Eric Meyer 3 years, 1 month ago

I have enough faith in the 2A Trails Committee (2A TC), that I saw no reason for the people involved with submitting the proposal (me included) to be on the 2A TC. The meetings are open to the public and I (or anyone else) can attend if they feel there needs to be more oversight. If I think they are going in the wrong direction, I can spend my own personal time to research and compile a fact based argument why they should reconsider. I do not need a vote to influence the 2A TC, just a logical fact based argument. The Steamboat Trails Alliance did that over and over during the long drawn out Accommodations Tax (ATC) process and it was well received by the ATC. I am confident that if you attend a 2A TC meeting that you will see good discussions on why they are making the decisions that they are making. If the 2A TC was made up of those who submitted the ideas that were expanded into the final proposals or the land managers, then there would be a much higher chance of someone having an agenda and it not being one that is aligned with the community as a whole. The trails project has the chance to be a great community project, especially if the City Council works with the 2A TC on projects that have some visitor benefits but are clearly focused more on locals. Those projects are unlikely to be funded 100% by the 2A TC.

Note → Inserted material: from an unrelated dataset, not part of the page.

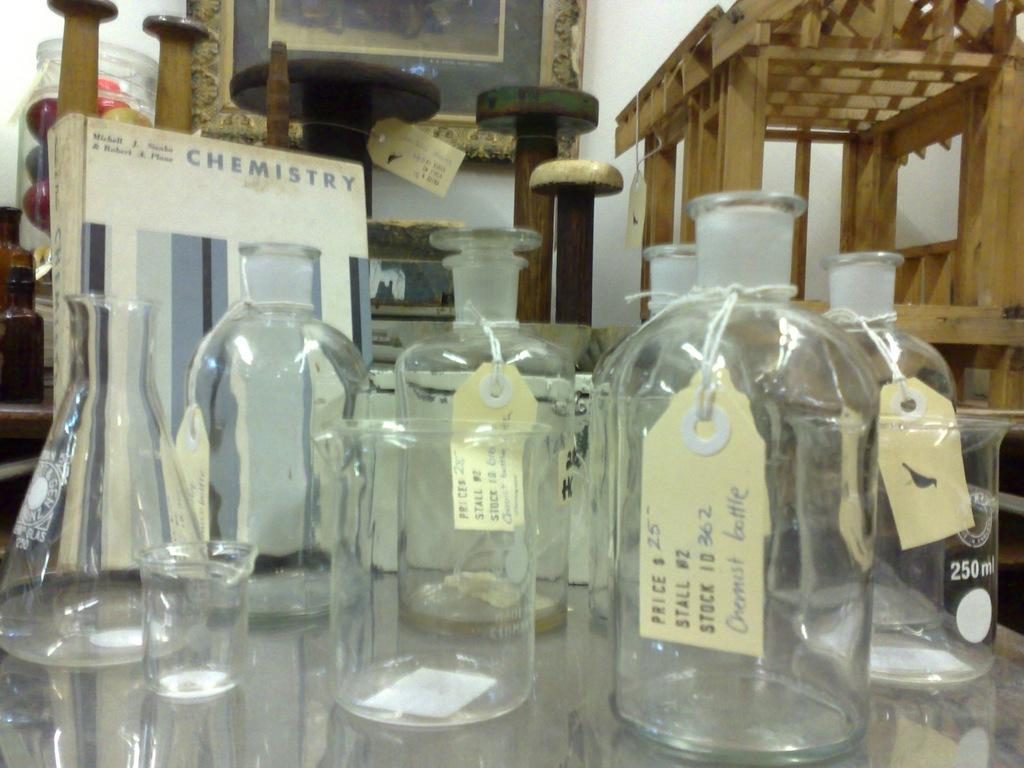Provide a one-sentence caption for the provided image. Glass bottles with price tags are displayed and the front bottle is priced a $25.00.

Eric Meyer 3 years, 1 month ago

"Eight out of 10 Coloradans use our trails." Reference 80% of this states residents use trails. In my opinion these are important questions when it comes to considering the Accommodations Tax $$. 1. Who travels to use trails? 2. How can Steamboat Springs best take advantage of the money available to attract those travelers? There are different questions that need to be raised to the City Council and City Staff regarding the use of sales tax dollars and the strong desire for Open Space and Trails in this community.